Am Dreiländereck in Basel wurde ökumenische Geschichte geschrieben

Vorbei an winkenden Grenzsoldaten

Mai 1989: Europa ist geteilt. An den Grenzen fallen immer wieder tödliche Schüsse. Trotzdem kommen in Basel 3.000 Christen aus Ost- und Westeuropa zusammen: Sie pilgern in einem Tag durch drei Länder. Keine Grenzsoldaten halten sie auf.

Blick auf Basel / © cge2010 (shutterstock)

Ingo Brüggenjürgen (DOMRADIO.DE-Chefredakteur): Warum ist das Dreiländereck hier in Basel für die Ökumene so ein wichtiger Boden?

Stefan Vesper (ehemaliger Generalsekretär des Zentralkomitees der deutschen Katholiken): Am Dreiländereck von Deutschland, Frankreich und der Schweiz in Basel ist etwas gewesen, von dem ich auch nur als aus zweiter Hand berichten kann, weil ich selbst nicht dabei war. Im Mai 1989 gab es eine große Ökumenische Versammlung in Europa. Mai 1989 betone ich deshalb, weil die Versammlung vor dem November '89 war, vor dem Fall der Mauer. Damals waren 3.000 Delegierte aus allen christlichen Kirchen Europas zu dieser Veranstaltung zum Thema "Frieden in Gerechtigkeit" zusammengekommen.

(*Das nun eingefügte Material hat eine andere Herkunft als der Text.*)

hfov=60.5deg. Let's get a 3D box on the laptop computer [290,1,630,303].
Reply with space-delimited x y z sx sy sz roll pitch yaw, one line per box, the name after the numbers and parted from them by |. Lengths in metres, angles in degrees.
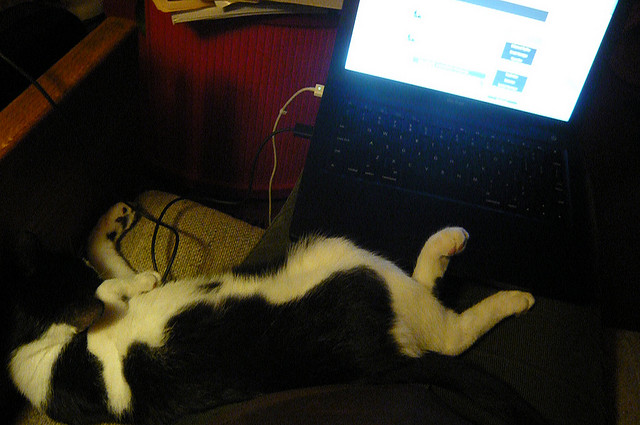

Die Organisatoren haben eine tolle Idee gehabt: Am Mittwochnachmittag, in der Mitte der Versammlung, die eine Woche gedauert hat, gehen wir von der Schweiz ein paar Schritte nach Deutschland, ein paar Schritte nach Frankreich und wieder ein paar Schritte in die Schweiz. Das war ein etwa dreistündiger Gang. Und der hat Geschichte geschrieben. Die Menschen aus dem mittleren und östlichen Teil Europas, angefangen mit den Christen aus der DDR, die an dieser Versammlung teilnehmen durften, waren total bewegt von diesem Ereignis.

Diese 3.000 Menschen haben eine Prozession durch drei Länder gemacht, also auch über Grenzen. Sie sind an Grenzsoldatinnen und Grenzsoldaten vorbeigegangen, die gewunken und gelacht haben. Und sie sind zurückgekommen. Ich kenne viele Berichte von Menschen, die von diesem Ereignis so bewegt waren, dass sie geweint haben. Auch später, als sie davon erzählt haben, waren sie sehr berührt und haben das nie mehr vergessen.

Brüggenjürgen: Warum ist es so wichtig, dass Christen sich immer wieder ökumenisch auf diesen Friedens- und Versöhnungsweg machen?

Vesper: Wir Christen sind in Europa eine ganz große Kraft. Wenn wir uns als katholische, als evangelische und als orthodoxe Christinnen und Christen zusammentun, dann haben wir in Europa etwas zu sagen. Wir haben etwas beizutragen, wenn wir einig sind und wenn wir uns gemeinsam artikulieren. Das Treffen damals im Mai '89, hatte den Titel "Frieden in Gerechtigkeit". Das war die erste Ökumenische Versammlung in Basel '89.

Es gab dann einige Jahre später in Graz – und da durfte ich der Versammlungssekretär für die katholische Seite sein – ein weiteres ökumenisches Treffen. Das hieß dann aber nicht mehr "Frieden in Gerechtigkeit", sondern "Gerechtigkeit, Frieden und Bewahrung der Schöpfung". Man merkt, da kommt der Gedanke der Schöpfung noch dazu. Das gab es dann auch noch ein drittes Mal: in Rumänien, in Sibiu im Jahr 2007.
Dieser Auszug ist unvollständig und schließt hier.